What you will do
Return all lines from the listing below in which the string "there" occurs.

Study material
BEGIN

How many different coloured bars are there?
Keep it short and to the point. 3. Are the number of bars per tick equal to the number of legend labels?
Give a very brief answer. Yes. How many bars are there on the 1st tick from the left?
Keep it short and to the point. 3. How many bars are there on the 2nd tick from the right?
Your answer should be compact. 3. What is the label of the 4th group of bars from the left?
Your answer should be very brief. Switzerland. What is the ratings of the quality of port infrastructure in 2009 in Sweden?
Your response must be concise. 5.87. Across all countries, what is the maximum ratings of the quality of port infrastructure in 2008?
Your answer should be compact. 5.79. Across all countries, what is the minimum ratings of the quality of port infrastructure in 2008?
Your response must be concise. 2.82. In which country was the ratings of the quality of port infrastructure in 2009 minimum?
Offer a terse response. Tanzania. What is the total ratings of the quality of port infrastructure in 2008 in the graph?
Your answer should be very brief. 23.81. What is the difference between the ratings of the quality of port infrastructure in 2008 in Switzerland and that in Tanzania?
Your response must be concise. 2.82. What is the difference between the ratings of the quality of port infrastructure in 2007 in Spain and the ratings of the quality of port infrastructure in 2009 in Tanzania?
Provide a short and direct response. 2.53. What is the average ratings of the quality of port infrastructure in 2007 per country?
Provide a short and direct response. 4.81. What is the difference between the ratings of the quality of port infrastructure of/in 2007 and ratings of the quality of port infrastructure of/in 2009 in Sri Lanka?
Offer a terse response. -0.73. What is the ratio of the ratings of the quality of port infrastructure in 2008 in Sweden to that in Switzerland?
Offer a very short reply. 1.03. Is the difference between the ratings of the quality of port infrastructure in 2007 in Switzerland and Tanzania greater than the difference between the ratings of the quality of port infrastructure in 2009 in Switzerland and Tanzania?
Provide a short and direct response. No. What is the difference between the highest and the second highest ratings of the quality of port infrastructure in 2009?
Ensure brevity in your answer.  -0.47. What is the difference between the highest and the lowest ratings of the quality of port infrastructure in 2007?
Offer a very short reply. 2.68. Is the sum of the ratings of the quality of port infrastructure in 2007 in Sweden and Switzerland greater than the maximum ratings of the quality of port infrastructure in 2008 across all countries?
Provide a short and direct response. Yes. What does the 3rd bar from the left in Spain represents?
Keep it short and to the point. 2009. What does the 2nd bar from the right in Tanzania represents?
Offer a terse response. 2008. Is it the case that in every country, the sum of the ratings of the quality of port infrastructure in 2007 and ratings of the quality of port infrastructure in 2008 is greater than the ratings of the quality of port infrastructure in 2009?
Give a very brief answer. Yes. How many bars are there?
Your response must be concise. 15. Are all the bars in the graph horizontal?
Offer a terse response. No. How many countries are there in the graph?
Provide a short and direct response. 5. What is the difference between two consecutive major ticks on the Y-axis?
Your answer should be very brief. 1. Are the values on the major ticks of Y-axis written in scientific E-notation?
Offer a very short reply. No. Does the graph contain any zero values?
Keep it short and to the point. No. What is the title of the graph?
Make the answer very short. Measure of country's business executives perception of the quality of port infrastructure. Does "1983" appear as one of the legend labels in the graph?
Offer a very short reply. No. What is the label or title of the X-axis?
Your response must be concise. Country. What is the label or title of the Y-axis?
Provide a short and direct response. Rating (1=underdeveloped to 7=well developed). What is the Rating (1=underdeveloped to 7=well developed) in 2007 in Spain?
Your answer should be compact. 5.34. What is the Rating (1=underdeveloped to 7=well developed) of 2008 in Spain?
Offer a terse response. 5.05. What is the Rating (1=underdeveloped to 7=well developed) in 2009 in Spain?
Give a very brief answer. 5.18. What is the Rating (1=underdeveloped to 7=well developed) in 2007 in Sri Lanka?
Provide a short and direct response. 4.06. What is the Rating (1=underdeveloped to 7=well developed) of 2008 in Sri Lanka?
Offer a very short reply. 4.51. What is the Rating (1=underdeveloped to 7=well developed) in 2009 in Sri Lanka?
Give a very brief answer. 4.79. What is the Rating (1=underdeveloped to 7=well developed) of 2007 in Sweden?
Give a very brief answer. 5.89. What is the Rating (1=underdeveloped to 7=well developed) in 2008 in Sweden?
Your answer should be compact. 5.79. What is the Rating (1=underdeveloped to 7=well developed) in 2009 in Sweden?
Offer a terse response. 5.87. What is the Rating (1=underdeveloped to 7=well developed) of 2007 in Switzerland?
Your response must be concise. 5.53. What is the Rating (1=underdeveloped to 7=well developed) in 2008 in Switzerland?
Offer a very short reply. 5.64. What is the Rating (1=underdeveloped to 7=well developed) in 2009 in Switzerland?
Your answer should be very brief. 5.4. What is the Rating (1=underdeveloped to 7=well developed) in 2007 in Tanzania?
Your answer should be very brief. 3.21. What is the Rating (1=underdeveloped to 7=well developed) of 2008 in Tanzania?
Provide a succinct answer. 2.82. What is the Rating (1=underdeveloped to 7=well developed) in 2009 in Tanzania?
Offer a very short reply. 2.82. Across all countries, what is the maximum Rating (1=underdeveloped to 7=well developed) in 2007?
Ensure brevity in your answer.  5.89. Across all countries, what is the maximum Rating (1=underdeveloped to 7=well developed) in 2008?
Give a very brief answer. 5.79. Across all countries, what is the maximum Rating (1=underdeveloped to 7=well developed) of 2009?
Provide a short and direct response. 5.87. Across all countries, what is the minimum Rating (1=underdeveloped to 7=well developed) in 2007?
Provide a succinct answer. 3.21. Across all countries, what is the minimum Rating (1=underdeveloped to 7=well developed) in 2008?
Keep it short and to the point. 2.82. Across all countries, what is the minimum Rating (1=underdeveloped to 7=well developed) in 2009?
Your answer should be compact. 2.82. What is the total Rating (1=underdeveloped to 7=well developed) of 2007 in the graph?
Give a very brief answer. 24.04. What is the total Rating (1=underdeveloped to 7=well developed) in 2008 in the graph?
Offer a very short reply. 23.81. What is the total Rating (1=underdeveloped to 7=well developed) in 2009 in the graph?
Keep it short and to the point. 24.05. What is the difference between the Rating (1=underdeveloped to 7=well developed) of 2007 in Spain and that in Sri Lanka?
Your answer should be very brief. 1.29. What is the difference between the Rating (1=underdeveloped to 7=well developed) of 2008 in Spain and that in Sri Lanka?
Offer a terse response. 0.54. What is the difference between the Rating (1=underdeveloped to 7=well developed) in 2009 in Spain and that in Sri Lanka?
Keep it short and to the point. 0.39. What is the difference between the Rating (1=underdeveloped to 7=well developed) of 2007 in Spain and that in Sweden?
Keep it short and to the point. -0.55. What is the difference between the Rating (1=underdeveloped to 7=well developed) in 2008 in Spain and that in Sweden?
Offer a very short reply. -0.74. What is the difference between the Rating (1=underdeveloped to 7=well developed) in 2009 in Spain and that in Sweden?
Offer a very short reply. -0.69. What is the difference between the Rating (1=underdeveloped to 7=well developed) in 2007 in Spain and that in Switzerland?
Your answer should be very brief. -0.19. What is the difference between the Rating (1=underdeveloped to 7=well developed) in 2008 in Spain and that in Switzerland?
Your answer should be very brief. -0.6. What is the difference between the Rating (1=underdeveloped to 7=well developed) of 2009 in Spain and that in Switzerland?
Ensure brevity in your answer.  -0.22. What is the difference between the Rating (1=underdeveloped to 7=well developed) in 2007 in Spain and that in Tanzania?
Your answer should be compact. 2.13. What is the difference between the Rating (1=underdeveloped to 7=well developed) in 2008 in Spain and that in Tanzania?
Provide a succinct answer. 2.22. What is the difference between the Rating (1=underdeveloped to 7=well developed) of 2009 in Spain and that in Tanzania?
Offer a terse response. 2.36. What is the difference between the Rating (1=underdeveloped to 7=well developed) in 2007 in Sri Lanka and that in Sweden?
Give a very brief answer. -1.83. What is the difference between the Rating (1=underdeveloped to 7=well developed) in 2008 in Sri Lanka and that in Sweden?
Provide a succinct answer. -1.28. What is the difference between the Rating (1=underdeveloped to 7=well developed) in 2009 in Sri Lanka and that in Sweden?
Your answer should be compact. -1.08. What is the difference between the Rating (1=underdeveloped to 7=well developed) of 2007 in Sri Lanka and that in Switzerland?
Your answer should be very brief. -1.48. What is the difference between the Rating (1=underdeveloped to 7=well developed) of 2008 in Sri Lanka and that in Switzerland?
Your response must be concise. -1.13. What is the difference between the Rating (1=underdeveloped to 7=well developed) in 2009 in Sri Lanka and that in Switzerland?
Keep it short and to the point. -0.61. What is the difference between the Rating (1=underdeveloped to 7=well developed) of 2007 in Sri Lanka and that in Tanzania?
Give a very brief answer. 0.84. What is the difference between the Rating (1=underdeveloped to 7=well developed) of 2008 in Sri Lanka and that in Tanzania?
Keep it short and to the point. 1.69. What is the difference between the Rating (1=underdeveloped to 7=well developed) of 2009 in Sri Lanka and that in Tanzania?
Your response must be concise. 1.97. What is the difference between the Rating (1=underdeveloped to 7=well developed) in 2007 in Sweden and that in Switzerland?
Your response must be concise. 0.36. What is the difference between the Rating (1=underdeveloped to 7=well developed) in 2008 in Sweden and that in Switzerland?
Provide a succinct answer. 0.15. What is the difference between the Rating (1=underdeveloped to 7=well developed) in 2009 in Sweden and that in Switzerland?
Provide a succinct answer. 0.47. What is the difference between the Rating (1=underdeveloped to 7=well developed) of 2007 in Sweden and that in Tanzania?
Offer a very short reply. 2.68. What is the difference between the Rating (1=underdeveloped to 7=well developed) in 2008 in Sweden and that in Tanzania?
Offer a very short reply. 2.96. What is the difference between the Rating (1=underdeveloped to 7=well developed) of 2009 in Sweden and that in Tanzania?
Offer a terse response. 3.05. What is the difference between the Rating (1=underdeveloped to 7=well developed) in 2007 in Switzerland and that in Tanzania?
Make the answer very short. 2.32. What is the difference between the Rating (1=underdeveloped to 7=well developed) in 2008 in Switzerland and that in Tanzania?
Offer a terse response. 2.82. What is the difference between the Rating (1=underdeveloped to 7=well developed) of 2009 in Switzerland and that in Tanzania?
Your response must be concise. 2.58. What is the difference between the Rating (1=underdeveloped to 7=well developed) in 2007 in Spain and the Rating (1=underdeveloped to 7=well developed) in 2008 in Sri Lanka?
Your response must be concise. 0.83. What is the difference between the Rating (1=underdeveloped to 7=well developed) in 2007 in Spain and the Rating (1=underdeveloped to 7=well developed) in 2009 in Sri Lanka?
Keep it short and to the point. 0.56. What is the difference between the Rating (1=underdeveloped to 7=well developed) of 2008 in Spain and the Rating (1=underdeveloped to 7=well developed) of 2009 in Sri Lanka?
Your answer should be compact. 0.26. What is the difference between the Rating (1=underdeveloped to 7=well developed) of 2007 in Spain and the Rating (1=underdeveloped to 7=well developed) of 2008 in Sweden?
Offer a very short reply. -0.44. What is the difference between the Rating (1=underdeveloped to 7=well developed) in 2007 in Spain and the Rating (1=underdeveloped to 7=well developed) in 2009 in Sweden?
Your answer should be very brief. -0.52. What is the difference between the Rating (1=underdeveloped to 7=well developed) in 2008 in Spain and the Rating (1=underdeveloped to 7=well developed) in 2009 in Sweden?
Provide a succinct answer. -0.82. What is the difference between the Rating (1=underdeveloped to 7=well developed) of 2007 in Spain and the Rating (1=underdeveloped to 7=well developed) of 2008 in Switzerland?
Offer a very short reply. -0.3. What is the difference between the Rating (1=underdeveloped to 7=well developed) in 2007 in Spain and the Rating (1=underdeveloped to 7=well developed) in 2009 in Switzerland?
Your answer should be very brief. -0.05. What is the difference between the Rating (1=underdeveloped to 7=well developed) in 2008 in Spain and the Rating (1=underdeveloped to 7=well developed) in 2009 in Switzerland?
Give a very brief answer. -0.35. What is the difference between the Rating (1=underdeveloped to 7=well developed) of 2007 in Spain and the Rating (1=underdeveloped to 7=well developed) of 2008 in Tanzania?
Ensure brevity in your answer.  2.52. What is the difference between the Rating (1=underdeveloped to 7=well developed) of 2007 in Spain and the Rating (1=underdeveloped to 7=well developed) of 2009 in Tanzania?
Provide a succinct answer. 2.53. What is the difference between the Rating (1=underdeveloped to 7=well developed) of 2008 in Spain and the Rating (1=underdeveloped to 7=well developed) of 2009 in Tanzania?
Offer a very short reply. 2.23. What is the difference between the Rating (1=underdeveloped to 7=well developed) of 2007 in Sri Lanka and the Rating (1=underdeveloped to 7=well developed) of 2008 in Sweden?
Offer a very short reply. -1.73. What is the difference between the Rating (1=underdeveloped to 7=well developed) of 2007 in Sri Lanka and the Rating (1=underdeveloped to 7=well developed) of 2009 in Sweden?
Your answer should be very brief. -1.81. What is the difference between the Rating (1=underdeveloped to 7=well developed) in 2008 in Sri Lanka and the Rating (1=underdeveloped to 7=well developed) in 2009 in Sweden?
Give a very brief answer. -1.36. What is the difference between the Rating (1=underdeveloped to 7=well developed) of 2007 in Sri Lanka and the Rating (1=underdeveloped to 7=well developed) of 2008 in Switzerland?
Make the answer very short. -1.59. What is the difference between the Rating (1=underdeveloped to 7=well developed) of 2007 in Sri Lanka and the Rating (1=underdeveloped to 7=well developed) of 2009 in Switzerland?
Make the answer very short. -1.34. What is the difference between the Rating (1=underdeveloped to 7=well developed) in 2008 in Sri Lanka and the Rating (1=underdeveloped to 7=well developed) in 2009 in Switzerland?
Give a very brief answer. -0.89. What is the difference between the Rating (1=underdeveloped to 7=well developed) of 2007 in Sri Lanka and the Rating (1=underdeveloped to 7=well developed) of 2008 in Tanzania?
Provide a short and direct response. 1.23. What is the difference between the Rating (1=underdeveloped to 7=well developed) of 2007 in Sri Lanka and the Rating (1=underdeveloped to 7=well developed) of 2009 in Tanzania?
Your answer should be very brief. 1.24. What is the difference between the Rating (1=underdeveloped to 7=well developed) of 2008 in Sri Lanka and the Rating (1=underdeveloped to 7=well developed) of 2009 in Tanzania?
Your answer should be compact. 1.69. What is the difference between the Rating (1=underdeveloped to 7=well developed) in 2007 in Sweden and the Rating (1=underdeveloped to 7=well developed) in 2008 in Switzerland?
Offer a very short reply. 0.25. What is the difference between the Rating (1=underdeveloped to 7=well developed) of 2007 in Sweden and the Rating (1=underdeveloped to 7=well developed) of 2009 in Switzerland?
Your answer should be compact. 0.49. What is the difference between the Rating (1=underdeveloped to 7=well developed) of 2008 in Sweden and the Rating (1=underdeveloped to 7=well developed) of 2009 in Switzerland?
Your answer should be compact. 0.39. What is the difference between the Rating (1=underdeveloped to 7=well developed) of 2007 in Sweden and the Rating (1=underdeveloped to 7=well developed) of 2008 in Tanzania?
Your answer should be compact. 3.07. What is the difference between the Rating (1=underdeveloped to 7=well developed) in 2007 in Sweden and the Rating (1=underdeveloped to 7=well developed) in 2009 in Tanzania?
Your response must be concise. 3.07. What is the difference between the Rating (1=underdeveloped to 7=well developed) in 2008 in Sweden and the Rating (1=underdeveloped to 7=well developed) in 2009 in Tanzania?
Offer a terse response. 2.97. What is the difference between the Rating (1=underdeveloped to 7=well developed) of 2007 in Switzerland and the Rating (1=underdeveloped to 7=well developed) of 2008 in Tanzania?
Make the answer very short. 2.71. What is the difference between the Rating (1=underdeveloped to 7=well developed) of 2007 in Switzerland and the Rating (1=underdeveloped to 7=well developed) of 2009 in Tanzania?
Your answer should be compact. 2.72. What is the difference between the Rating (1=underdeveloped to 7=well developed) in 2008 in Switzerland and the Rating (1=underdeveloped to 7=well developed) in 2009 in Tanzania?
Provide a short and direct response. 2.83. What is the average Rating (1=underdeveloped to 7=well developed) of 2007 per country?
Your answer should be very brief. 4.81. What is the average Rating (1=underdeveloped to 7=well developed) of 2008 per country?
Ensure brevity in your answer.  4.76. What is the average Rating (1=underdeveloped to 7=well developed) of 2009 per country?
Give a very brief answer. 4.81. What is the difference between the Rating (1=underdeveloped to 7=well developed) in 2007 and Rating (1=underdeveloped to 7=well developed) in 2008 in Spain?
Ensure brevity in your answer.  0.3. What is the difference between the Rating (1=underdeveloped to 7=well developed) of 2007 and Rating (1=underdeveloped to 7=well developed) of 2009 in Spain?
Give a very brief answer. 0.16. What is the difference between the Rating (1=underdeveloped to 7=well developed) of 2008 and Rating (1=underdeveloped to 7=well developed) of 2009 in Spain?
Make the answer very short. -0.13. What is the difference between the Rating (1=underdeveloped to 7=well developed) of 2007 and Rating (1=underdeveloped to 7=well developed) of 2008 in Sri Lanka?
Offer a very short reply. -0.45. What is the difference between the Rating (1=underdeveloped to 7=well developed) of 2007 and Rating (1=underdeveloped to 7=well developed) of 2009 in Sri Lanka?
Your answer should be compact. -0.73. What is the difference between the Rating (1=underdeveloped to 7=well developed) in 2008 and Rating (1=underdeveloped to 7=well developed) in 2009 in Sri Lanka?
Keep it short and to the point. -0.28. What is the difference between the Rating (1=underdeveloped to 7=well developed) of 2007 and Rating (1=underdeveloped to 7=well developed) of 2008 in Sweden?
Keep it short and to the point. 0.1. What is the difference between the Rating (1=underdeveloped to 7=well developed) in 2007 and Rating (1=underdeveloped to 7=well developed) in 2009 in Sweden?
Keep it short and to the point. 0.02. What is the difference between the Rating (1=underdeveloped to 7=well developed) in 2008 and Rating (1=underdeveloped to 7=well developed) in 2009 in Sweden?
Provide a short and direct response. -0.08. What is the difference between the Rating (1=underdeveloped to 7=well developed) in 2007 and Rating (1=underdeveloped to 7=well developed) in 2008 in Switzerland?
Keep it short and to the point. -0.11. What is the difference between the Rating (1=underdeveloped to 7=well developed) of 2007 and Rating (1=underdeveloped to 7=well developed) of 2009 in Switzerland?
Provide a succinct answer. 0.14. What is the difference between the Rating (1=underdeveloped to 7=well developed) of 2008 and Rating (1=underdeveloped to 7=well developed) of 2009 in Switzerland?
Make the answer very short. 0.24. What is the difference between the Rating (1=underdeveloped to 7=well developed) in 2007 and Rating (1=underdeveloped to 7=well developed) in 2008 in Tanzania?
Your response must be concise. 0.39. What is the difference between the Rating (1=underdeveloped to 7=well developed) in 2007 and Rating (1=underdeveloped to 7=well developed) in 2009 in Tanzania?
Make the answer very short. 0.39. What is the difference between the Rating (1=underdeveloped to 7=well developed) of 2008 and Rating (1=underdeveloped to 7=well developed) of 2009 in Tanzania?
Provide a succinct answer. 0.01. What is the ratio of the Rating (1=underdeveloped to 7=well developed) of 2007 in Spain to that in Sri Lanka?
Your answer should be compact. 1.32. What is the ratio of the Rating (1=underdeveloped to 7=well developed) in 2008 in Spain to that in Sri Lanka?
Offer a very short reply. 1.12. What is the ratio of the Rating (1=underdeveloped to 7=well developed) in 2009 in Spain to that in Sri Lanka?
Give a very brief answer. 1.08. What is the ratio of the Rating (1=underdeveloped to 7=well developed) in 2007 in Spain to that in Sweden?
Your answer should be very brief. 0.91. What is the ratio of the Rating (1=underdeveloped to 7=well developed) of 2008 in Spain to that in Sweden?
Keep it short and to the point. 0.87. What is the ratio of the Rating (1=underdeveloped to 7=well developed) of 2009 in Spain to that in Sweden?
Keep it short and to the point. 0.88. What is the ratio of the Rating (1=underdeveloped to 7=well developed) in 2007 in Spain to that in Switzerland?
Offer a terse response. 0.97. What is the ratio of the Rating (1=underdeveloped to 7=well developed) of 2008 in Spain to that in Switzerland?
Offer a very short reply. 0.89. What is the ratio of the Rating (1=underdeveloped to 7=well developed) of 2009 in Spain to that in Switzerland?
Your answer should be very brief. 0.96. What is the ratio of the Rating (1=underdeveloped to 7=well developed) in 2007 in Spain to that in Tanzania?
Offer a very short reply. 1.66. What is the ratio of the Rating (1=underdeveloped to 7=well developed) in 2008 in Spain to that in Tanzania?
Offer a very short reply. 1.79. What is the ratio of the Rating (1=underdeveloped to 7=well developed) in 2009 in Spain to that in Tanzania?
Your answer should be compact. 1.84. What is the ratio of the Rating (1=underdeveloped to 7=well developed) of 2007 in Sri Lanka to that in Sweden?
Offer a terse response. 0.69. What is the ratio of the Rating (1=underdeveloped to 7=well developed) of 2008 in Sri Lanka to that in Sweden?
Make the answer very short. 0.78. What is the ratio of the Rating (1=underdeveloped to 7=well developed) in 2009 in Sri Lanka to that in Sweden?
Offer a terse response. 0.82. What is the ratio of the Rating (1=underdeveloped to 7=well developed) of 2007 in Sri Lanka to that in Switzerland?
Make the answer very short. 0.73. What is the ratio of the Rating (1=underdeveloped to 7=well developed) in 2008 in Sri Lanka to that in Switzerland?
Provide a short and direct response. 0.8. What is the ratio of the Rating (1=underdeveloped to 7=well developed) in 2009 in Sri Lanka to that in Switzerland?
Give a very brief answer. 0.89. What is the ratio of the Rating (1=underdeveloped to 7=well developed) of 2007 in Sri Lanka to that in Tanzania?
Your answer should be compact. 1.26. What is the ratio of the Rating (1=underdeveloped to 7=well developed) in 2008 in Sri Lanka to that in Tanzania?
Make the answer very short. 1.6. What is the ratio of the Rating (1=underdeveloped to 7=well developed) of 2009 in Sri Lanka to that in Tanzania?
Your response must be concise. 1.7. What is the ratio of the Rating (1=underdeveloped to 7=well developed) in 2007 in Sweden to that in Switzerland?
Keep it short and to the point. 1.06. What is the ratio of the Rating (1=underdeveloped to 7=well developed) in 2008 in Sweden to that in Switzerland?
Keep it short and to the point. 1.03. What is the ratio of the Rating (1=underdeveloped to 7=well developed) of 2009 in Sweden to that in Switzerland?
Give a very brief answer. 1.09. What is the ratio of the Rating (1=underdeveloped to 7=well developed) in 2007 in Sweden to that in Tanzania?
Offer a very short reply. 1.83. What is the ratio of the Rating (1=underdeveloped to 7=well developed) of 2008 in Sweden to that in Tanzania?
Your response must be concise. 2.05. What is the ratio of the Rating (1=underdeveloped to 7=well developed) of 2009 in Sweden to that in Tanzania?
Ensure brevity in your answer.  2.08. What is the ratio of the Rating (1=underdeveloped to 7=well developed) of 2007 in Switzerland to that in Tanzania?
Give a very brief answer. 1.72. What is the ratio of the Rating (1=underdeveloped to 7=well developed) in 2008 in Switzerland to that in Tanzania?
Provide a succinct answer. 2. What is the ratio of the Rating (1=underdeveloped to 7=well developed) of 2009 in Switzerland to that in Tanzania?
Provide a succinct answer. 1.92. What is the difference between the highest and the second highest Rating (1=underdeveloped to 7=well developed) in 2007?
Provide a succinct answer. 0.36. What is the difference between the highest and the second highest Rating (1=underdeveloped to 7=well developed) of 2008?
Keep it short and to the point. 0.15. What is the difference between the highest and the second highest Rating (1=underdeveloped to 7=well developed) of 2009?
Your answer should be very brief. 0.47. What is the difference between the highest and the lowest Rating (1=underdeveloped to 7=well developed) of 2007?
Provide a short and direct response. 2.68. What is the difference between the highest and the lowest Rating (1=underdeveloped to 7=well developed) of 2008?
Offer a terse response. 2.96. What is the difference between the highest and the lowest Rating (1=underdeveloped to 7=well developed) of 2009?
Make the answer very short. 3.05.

END
BEGIN

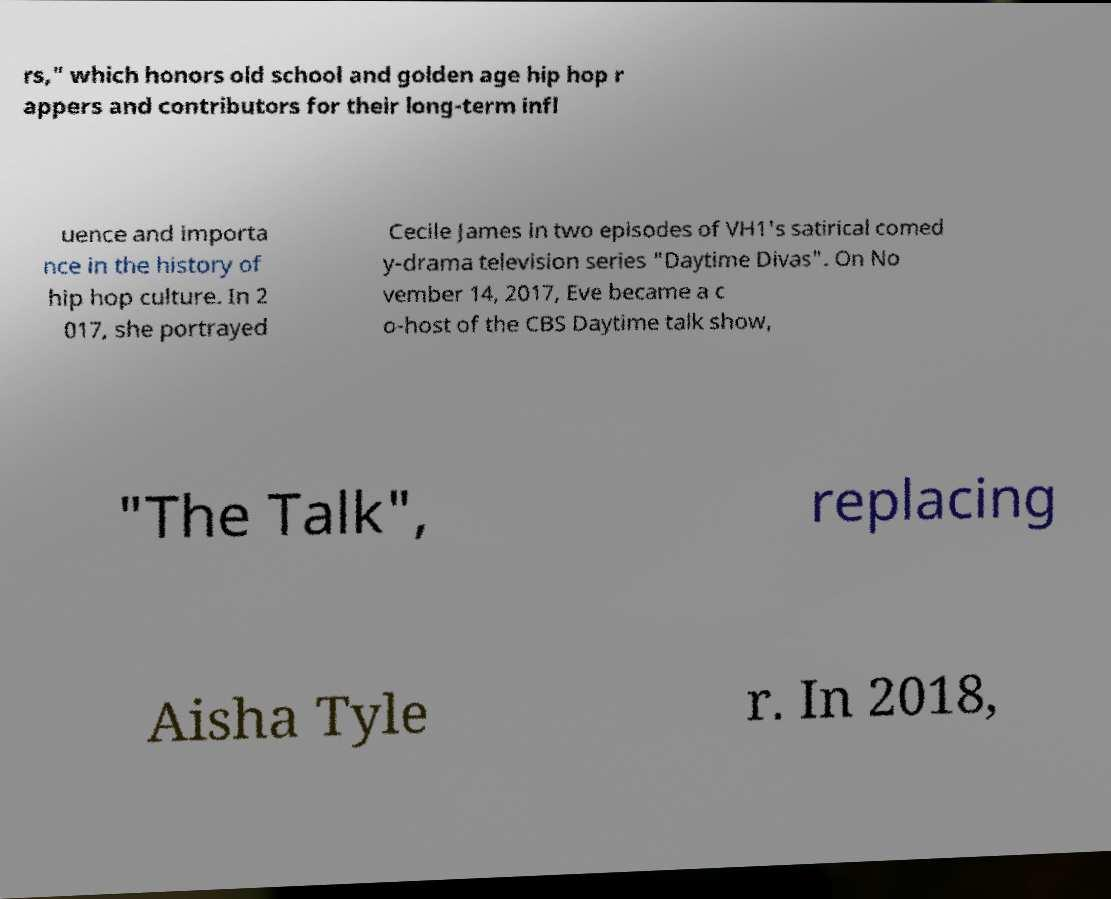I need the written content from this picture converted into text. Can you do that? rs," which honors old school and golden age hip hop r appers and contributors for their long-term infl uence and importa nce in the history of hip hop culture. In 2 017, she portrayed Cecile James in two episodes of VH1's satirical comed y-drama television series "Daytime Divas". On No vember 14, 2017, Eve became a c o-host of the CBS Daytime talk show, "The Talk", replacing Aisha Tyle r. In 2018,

END

Written solution
How many different coloured bars are there?
Give a very brief answer. Yes. How many bars are there on the 1st tick from the left?
Keep it short and to the point. 3. How many bars are there on the 2nd tick from the right?
Give a very brief answer. Yes. How many bars are there?
Offer a terse response. No. How many countries are there in the graph?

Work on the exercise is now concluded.